User Portal - Docs
GitHubWebsiteToggle Dark/Light/Auto modeToggle Dark/Light/Auto modeToggle Dark/Light/Auto modeBack to homepage

Testing harvesting of FAIR Data Points

First, make sure that the fairdatapointharvester extension has been added to the CKAN plugins.

After signing in to the CKAN portal, go to CKAN harvest page (e.g. http://localhost:5500/harvest). Click on “Add Harvest Source”.

Fill in the following fields:

Click on “Save”.

Then, enter the CKAN container:

docker compose exec -it ckan-dev bash

Local development

Inside the container, run the following command:

ckan --config=/srv/app/ckan.ini harvester run-test <id of harvester>.

The harvester id is the last part of the URL of the harvest source.

GDI CKAN container CRON Job for FAIR Data Harvesting

Overview

The GDI package, available from the GDI GitHub repository, includes a CRON job functionality designed to automate the harvesting of FAIR datapoints. This automation ensures continuous and efficient data collection without manual intervention.

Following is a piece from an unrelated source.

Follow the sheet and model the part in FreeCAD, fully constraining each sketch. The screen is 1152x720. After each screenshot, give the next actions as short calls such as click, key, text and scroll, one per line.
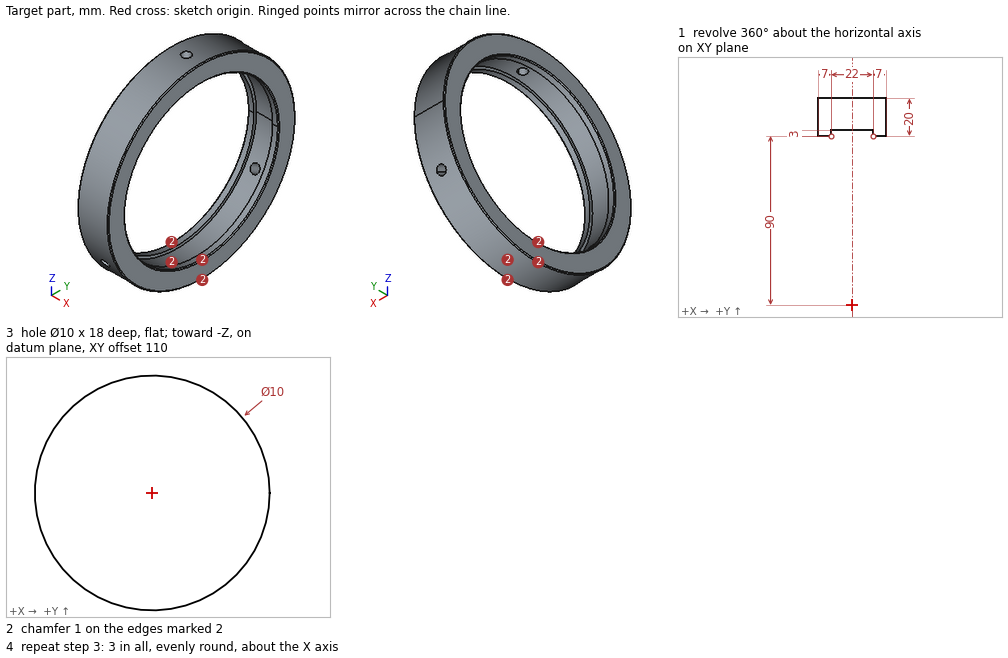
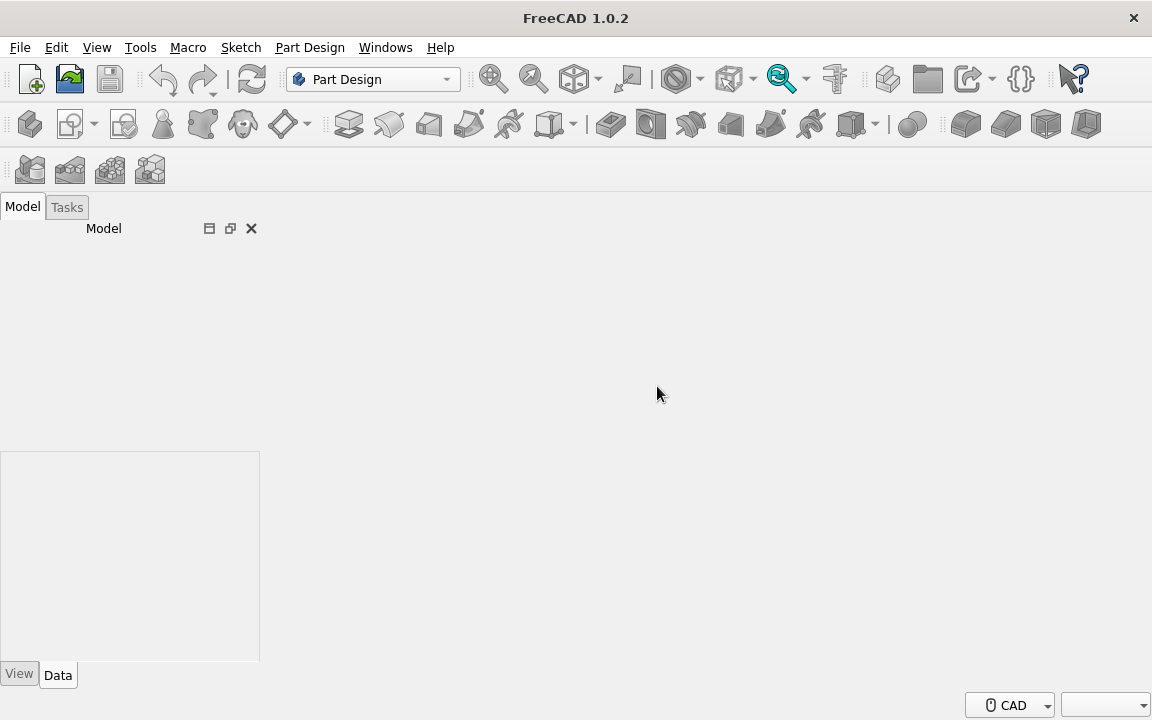
click(30, 80)

The harvesting process is initiated three background processes responsible for the operation: crond, ckan_gather_consumer and ckan_fetch_consumer.

Background Processes

The harvesting operation relies on three main background processes:

  • gather_consumer: Manages the gathering of data sources to be harvested.
  • fetch_consumer: Responsible for fetching the data from the sources identified by the gather process.
  • run: Responsible for triggering the harvester at the end of each specified time interval (e.g., daily, weekly).

These processes are crucial for the automated harvesting workflow, ensuring that data is continuously and efficiently collected and made available through the CKAN portal.

Monitoring Process Status

To monitor the status of these background processes, the supervisorctl command is used. Executing this command provides real-time status information about each process involved in the harvesting operation. Here’s how to check the process status:

supervisorctl status

Upon execution, you should see output similar to the following, indicating that both processes are running correctly:

ckan_fetch_consumer              RUNNING   
ckan_gather_consumer             RUNNING   
crond                            RUNNING

This output shows that both ckan_fetch_consumer, ckan_gather_consumer and crond are in the RUNNING state, along with their respective process IDs and uptime, confirming their active operation within the system.